Your response must be made up of each line in the data below that contains the string "pixels".

## THE DATA
=======

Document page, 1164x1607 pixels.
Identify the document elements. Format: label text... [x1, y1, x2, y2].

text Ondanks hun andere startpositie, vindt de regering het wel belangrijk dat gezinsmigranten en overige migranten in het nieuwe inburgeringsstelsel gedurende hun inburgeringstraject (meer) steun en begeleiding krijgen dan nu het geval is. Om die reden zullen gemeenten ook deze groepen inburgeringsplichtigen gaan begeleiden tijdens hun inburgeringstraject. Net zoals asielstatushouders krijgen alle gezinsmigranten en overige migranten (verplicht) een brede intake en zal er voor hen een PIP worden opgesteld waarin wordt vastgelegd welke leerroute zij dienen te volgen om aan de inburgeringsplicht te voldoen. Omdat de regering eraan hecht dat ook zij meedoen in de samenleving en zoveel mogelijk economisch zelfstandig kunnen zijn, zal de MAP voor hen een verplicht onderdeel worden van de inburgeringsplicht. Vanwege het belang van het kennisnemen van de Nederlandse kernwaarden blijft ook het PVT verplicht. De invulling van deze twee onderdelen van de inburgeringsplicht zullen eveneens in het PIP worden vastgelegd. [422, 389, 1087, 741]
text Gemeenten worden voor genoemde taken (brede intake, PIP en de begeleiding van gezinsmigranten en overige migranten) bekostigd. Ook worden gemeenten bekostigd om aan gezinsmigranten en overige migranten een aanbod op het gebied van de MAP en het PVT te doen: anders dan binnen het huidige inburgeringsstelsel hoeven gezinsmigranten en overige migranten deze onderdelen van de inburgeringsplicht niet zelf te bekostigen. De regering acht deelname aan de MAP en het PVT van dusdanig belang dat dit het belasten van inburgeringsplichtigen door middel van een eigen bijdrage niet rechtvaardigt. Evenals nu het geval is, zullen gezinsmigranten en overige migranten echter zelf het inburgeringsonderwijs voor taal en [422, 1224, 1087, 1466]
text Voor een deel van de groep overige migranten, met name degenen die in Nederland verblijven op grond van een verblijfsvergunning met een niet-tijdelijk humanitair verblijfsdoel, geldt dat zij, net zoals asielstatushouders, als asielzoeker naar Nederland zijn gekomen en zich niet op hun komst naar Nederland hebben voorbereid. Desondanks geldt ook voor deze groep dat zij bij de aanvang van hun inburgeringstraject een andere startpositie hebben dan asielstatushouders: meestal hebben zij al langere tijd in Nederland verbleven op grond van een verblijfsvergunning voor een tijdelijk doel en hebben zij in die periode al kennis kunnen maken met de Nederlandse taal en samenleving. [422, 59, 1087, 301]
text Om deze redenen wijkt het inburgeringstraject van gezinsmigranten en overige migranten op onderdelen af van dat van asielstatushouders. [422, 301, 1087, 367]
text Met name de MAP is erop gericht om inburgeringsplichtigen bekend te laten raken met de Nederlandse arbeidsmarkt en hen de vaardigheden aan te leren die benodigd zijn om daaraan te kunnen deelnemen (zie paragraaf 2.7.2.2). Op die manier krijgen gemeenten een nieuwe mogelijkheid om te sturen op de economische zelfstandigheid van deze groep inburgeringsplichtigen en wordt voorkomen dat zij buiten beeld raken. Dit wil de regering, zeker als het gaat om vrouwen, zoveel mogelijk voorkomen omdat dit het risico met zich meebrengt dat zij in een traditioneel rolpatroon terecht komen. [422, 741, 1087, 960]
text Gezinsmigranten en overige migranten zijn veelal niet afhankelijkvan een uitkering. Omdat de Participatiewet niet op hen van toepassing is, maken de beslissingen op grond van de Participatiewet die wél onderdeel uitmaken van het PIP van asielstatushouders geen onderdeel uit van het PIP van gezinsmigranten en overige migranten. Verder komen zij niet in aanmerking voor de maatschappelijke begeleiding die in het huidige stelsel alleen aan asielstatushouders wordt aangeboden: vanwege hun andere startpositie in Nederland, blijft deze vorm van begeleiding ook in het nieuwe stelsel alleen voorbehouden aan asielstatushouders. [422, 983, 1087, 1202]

=======

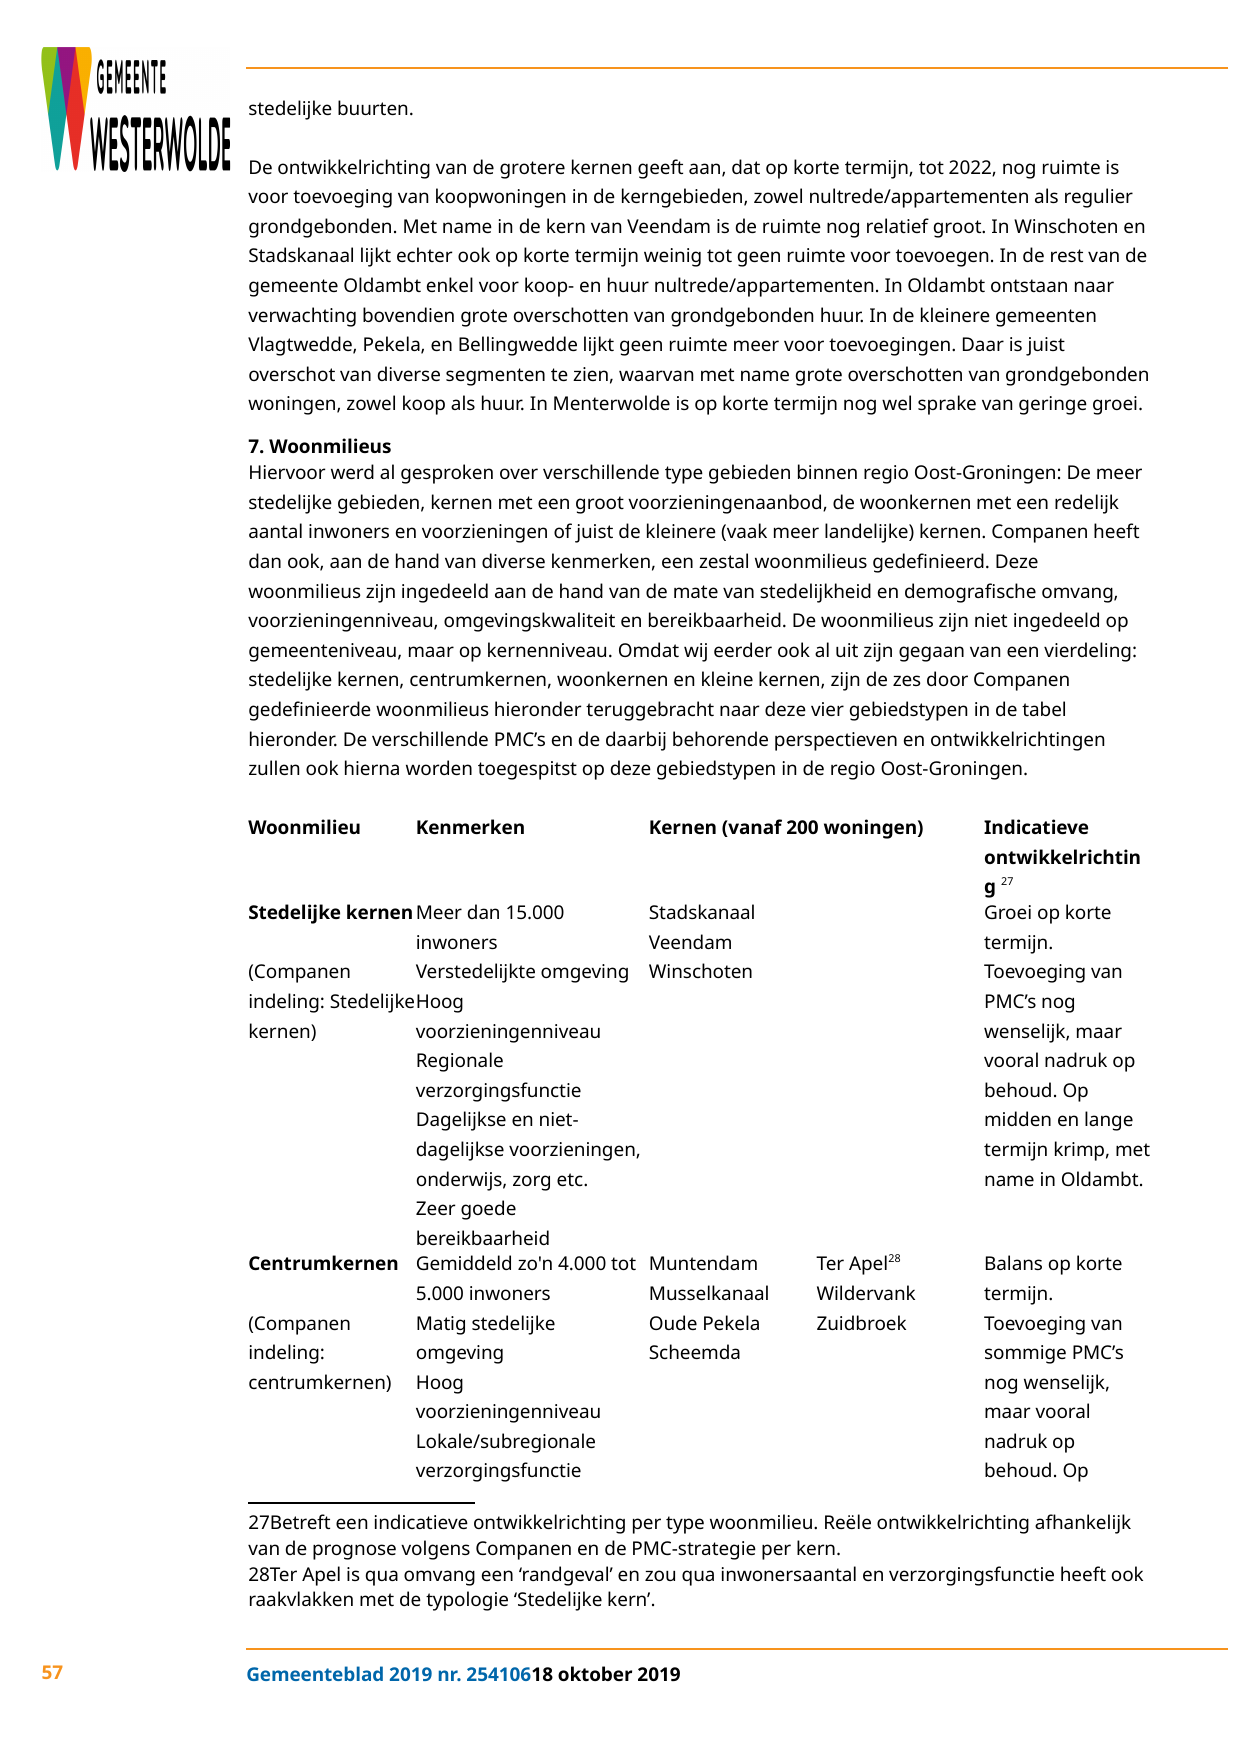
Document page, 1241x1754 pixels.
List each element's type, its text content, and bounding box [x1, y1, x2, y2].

=======

## ANSWER
Document page, 1164x1607 pixels.
Document page, 1241x1754 pixels.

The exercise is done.